We set Cassandra to 24 GB heap, row cache to 16 GB. Lucked via numactl cpubind
to a single NUMA node with 16 cores (on a 64 core server).
We changed all the JVM_OPTS in bin/cassandra to simply use G1 instead of all
the other GC settings
{quote}
# enable assertions. disabling this in production will give a modest
# performance benefit (around 5%).
JVM_OPTS="$JVM_OPTS -ea"
# add the jamm javaagent
JVM_OPTS="$JVM_OPTS -javaagent:$CASSANDRA_HOME/lib/jamm-0.2.5.jar"
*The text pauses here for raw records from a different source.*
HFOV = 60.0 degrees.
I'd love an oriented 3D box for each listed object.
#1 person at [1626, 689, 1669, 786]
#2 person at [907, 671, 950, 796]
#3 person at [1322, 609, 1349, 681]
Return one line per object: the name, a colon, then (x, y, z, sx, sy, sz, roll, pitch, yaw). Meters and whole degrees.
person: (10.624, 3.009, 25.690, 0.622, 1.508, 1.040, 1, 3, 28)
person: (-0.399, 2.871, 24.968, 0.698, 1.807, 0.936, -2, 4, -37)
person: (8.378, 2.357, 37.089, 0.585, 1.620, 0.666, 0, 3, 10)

# some JVMs will fill up their heap when accessed via JMX, see CASSANDRA-6541
JVM_OPTS="$JVM_OPTS -XX:+CMSClassUnloadingEnabled"
# enable thread priorities, primarily so we can give periodic tasks
# a lower priority to avoid interfering with client workload
JVM_OPTS="$JVM_OPTS -XX:+UseThreadPriorities"
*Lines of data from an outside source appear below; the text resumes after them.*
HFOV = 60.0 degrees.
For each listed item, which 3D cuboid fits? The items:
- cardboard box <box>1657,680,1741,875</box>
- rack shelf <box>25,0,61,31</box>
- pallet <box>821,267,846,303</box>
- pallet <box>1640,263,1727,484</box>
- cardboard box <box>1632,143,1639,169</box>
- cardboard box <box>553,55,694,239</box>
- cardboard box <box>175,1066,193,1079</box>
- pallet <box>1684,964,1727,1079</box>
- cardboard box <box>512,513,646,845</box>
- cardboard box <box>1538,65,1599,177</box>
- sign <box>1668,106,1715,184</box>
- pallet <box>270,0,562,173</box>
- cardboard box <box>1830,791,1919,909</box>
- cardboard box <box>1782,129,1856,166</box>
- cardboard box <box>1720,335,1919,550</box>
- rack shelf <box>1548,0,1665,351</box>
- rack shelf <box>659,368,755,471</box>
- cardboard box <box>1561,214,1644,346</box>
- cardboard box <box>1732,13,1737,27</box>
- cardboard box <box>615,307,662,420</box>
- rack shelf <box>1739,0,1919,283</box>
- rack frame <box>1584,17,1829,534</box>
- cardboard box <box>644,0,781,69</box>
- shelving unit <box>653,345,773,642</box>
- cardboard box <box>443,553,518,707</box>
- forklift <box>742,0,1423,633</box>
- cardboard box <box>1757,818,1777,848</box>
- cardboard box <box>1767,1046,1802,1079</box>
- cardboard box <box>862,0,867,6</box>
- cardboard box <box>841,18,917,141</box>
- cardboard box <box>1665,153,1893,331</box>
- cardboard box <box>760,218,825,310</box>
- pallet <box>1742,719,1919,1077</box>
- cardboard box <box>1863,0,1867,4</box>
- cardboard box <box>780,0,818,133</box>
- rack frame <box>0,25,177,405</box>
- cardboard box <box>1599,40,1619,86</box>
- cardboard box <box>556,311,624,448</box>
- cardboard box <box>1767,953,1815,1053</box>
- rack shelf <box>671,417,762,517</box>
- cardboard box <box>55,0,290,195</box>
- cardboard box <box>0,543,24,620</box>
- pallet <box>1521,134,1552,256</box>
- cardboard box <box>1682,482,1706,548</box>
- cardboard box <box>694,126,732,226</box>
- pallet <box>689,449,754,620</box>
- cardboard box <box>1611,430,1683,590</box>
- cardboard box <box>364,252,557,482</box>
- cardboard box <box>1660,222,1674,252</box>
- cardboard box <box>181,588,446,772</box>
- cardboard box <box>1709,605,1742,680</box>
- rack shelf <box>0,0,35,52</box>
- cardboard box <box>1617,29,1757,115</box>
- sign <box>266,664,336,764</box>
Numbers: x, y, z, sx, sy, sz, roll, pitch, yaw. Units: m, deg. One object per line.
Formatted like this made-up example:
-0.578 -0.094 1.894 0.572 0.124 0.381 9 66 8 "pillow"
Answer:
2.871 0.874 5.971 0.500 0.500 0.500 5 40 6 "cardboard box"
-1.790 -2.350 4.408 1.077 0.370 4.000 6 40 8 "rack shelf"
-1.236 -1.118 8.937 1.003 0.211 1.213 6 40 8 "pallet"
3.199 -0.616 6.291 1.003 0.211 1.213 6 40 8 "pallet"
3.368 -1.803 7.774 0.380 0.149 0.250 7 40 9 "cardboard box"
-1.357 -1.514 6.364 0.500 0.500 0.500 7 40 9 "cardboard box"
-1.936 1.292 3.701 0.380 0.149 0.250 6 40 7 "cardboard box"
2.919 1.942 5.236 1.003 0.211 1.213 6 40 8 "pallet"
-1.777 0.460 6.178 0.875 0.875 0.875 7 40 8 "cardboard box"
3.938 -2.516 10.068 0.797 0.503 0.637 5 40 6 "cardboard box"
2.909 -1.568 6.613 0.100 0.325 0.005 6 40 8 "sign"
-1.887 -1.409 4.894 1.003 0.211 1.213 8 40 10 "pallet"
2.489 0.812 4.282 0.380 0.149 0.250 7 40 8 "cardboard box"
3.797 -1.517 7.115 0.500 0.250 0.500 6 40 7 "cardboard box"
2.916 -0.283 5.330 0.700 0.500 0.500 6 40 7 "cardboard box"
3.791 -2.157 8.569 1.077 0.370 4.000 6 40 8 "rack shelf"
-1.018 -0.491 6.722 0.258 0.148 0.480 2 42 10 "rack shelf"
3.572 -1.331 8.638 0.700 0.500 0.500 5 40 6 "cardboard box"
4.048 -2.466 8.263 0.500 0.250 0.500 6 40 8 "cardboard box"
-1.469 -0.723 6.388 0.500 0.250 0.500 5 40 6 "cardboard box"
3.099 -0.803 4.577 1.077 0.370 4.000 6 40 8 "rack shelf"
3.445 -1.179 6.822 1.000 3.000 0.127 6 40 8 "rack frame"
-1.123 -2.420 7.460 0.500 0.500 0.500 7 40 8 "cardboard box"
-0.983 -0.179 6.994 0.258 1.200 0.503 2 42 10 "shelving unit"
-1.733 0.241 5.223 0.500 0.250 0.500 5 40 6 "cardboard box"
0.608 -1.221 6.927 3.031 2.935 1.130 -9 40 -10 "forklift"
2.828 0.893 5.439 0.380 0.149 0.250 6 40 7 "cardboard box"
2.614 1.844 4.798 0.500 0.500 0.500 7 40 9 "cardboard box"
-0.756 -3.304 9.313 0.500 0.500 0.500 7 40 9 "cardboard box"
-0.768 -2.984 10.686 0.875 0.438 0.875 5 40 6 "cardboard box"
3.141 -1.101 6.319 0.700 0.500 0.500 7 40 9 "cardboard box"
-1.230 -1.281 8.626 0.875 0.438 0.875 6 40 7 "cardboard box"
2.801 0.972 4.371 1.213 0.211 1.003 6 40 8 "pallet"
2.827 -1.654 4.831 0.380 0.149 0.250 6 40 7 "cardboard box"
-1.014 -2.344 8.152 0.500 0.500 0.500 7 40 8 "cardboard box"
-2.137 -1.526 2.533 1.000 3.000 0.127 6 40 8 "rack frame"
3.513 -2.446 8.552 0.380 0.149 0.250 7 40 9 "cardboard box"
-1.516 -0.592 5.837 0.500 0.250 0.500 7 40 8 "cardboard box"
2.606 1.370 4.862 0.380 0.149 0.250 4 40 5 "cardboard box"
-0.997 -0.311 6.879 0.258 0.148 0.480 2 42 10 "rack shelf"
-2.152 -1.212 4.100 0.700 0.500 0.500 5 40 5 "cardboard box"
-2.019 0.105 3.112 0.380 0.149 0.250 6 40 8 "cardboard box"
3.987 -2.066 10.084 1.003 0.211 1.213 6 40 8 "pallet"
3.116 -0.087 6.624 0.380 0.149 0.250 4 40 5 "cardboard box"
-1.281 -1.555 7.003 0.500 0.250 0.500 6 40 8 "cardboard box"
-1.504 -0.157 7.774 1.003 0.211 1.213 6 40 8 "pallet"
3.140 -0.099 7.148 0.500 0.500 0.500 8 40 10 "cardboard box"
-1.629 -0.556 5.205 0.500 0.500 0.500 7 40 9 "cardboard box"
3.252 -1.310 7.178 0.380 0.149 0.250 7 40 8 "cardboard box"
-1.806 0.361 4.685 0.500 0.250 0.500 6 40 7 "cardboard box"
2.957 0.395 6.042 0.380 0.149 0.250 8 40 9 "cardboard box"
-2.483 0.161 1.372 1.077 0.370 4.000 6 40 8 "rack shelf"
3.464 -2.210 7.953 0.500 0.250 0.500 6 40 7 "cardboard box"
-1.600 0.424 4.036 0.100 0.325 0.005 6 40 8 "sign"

# allows lowering thread priority without being root. see
# http://tech.stolsvik.com/2010/01/linux-java-thread-priorities-workaround.html
JVM_OPTS="$JVM_OPTS -XX:ThreadPriorityPolicy=42"
# min and max heap sizes should be set to the same value to avoid
# stop-the-world GC pauses during resize, and so that we can lock the
# heap in memory on startup to prevent any of it from being swapped
# out.
JVM_OPTS="$JVM_OPTS -Xms${MAX_HEAP_SIZE}"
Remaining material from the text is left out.